In this process, we outline the code steps taken to collect the data and convert it to .csv files. 

In [9]:
import requests
from bs4 import BeautifulSoup

import pandas as pd
import duckdb
import numpy as np
import time

These files were then read, cleaned, and manipulated in the phase 2 submission file. 

**Player Stats**
In this section after importing above, I collected the url and created a dataframe that collected all of the data from all of the seasons from the 2003-2004 season to the 2022-2023 season for the top player stats, ranking which players led during the season and what their stats were. I combined all of this data into one main data frame using a for loop.

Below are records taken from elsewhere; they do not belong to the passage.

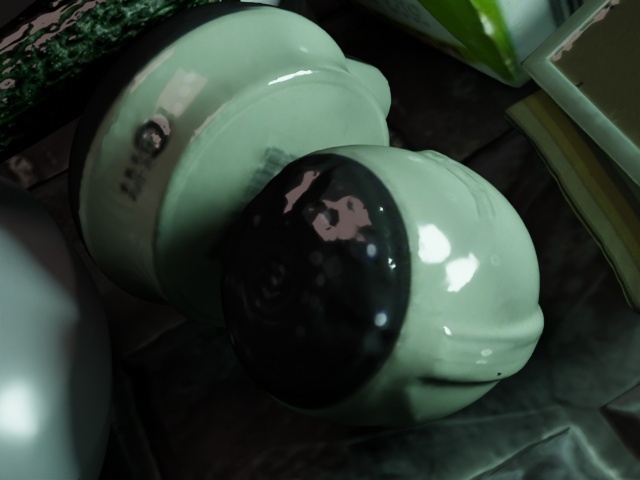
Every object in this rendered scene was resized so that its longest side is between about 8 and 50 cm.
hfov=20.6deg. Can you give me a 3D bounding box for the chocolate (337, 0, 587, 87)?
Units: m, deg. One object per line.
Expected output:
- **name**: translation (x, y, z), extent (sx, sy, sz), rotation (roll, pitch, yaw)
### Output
- **chocolate**: translation (0.136, -0.264, 1.237), extent (0.301, 0.137, 0.289), rotation (-37, 38, -14)

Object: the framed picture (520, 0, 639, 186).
- **framed picture**: translation (0.261, -0.141, 0.989), extent (0.273, 0.016, 0.216), rotation (-43, 39, 8)

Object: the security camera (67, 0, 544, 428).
- **security camera**: translation (0.000, 0.000, 0.992), extent (0.277, 0.191, 0.197), rotation (39, 108, 38)

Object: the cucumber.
- **cucumber**: translation (-0.157, -0.107, 1.048), extent (0.241, 0.074, 0.074), rotation (-37, 38, -9)

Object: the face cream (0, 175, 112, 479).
- **face cream**: translation (-0.271, 0.122, 1.027), extent (0.312, 0.219, 0.357), rotation (-20, 39, 12)

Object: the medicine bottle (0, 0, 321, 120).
- **medicine bottle**: translation (-0.146, -0.213, 1.182), extent (0.213, 0.379, 0.213), rotation (-19, 39, 16)

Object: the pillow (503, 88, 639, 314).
- **pillow**: translation (0.234, -0.069, 1.025), extent (0.212, 0.052, 0.208), rotation (-29, 42, 4)
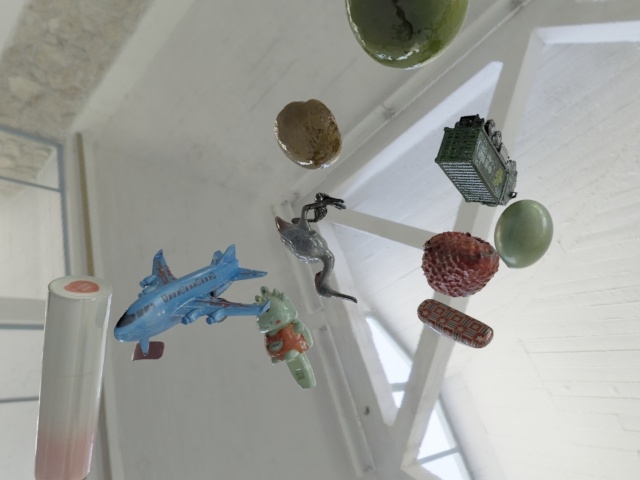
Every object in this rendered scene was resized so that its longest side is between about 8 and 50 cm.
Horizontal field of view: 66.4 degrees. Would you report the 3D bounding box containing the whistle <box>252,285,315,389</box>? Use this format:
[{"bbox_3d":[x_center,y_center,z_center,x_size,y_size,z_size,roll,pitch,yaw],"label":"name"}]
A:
[{"bbox_3d":[-0.079,0.217,1.096,0.102,0.106,0.253,-17,-82,63],"label":"whistle"}]

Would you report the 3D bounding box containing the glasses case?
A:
[{"bbox_3d":[0.320,0.206,1.187,0.195,0.073,0.049,25,-40,41],"label":"glasses case"}]

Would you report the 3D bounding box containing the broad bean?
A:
[{"bbox_3d":[0.155,-0.457,0.905,0.238,0.291,0.119,11,-133,20],"label":"broad bean"}]

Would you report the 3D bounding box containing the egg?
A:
[{"bbox_3d":[0.423,-0.012,1.025,0.114,0.114,0.152,27,-64,42],"label":"egg"}]

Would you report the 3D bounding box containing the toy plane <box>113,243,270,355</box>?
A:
[{"bbox_3d":[-0.219,0.093,0.806,0.254,0.271,0.105,22,-50,27],"label":"toy plane"}]

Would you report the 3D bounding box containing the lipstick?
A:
[{"bbox_3d":[-0.380,0.218,0.748,0.087,0.087,0.326,28,-68,42],"label":"lipstick"}]

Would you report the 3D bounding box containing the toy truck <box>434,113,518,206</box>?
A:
[{"bbox_3d":[0.337,-0.155,1.022,0.088,0.259,0.121,8,-106,39],"label":"toy truck"}]

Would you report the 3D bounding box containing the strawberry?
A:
[{"bbox_3d":[0.396,0.058,1.346,0.244,0.206,0.205,137,-41,-80],"label":"strawberry"}]

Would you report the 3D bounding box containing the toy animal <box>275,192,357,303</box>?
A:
[{"bbox_3d":[-0.020,0.016,1.262,0.195,0.090,0.323,-10,-115,11],"label":"toy animal"}]

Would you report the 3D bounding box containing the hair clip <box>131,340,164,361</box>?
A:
[{"bbox_3d":[-0.506,0.321,1.418,0.137,0.022,0.054,-11,-119,31],"label":"hair clip"}]

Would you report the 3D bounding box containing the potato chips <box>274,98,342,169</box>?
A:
[{"bbox_3d":[-0.034,-0.262,1.268,0.208,0.195,0.061,-47,-166,48],"label":"potato chips"}]

The data is originally filtered by average points per game for each player per season.

In [10]:
#Create a list of all of the seasons to collect data from
season_years = ["2003-04", "2004-05", "2005-06", "2006-07", "2007-08", "2008-09", "2009-10", "2010-11", "2012-13", \
    "2013-14", "2014-15", "2015-16", "2016-17", "2017-18", "2018-19", "2019-20", "2020-21", "2021-22","2022-23"]

#Intialize empty list for dataframes to be added to
dataframes = []

#Loop through the season years and 
for season_year in season_years:

    #Add {season_year} into the api url to change each iteration
    url = f"https://stats.nba.com/stats/leagueLeaders?LeagueID=00&PerMode=PerGame&Scope=S&Season={season_year}&SeasonType=Regular%20Season&StatCategory=PTS"
    response = requests.get(url).json()

    table_headers = response['resultSet']['headers']
    season_data = pd.DataFrame(response['resultSet']['rowSet'], columns=table_headers)

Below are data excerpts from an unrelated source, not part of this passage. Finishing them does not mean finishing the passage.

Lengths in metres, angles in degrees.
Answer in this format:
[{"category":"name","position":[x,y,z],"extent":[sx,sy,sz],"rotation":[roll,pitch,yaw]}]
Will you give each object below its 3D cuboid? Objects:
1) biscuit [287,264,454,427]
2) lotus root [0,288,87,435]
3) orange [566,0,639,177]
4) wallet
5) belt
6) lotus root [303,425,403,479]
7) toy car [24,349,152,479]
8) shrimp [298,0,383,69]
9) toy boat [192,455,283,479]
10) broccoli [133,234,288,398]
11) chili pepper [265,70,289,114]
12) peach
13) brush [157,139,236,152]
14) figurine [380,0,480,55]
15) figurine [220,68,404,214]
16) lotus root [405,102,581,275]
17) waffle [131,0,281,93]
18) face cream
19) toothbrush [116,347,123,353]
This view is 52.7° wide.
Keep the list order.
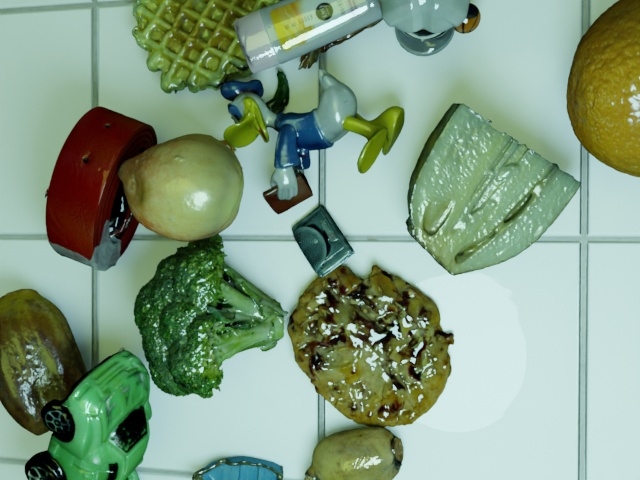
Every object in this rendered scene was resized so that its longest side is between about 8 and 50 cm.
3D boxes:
[{"category":"biscuit","position":[0.095,0.203,1.250],"extent":[0.334,0.081,0.289],"rotation":[42,99,6]},{"category":"lotus root","position":[-0.596,0.247,1.343],"extent":[0.193,0.193,0.291],"rotation":[-21,89,10]},{"category":"orange","position":[0.584,-0.260,1.028],"extent":[0.356,0.322,0.322],"rotation":[-15,88,5]},{"category":"wallet","position":[0.000,0.000,1.270],"extent":[0.088,0.026,0.129],"rotation":[-38,62,9]},{"category":"belt","position":[-0.430,-0.091,1.266],"extent":[0.115,0.227,0.324],"rotation":[21,104,6]},{"category":"lotus root","position":[0.054,0.430,1.242],"extent":[0.220,0.118,0.125],"rotation":[-22,70,9]},{"category":"toy car","position":[-0.420,0.389,1.251],"extent":[0.176,0.213,0.359],"rotation":[31,119,10]},{"category":"shrimp","position":[0.046,-0.452,1.262],"extent":[0.154,0.062,0.294],"rotation":[36,95,3]},{"category":"toy boat","position":[-0.163,0.481,1.301],"extent":[0.185,0.077,0.075],"rotation":[7,93,11]},{"category":"broccoli","position":[-0.210,0.147,1.230],"extent":[0.283,0.304,0.321],"rotation":[5,95,-20]},{"category":"chili pepper","position":[-0.096,-0.280,1.302],"extent":[0.055,0.035,0.118],"rotation":[36,101,-8]},{"category":"peach","position":[-0.254,-0.101,1.174],"extent":[0.232,0.232,0.233],"rotation":[0,91,11]},{"category":"brush","position":[-0.328,-0.187,1.358],"extent":[0.314,0.017,0.090],"rotation":[0,93,10]},{"category":"figurine","position":[0.195,-0.414,1.142],"extent":[0.175,0.236,0.133],"rotation":[1,90,12]},{"category":"figurine","position":[-0.052,-0.199,1.239],"extent":[0.338,0.204,0.284],"rotation":[31,111,10]},{"category":"lotus root","position":[0.278,-0.072,1.182],"extent":[0.267,0.149,0.260],"rotation":[30,100,-9]},{"category":"waffle","position":[-0.226,-0.449,1.307],"extent":[0.317,0.073,0.297],"rotation":[-16,87,8]},{"category":"face cream","position":[-0.023,-0.406,1.203],"extent":[0.269,0.073,0.107],"rotation":[-19,92,9]},{"category":"toothbrush","position":[-0.469,0.295,1.391],"extent":[0.017,0.014,0.162],"rotation":[37,97,-11]}]

    # Do we want this to be first or last?
    season_data['Year'] = season_year

    # Append the dataframe to the list
    dataframes.append(season_data)

# Concatenate all dataframes into one giant dataframe
player_stat_df = pd.concat(dataframes, ignore_index=True)
player_stat_df
player_stat_df.to_csv('player_stats.csv')


**Team Stat Data Collection**
@Akhil add in process here

In [11]:
#Add here
#Existing method (incorrect data - acting as place holder)

data=[]

#Collect this number of years
years = ['2004-06-16', '2005-06-16', '2006-06-16', '2007-06-16', '2008-06-16', '2009-06-16', '2010-06-16', \
    '2011-06-16', '2012-06-16', '2013-06-16', '2014-06-16', '2015-06-16', '2016-06-16', '2017-06-16', '2018-06-16', \
    '2019-06-16', '2020-06-16', '2021-06-16', '2022-06-16', '2023-06-16'] 

#Loop through the different years and collect the data about team name and average points per game
for year in years:
    url = f"https://www.teamrankings.com/nba/stat/points-per-game?date={year}"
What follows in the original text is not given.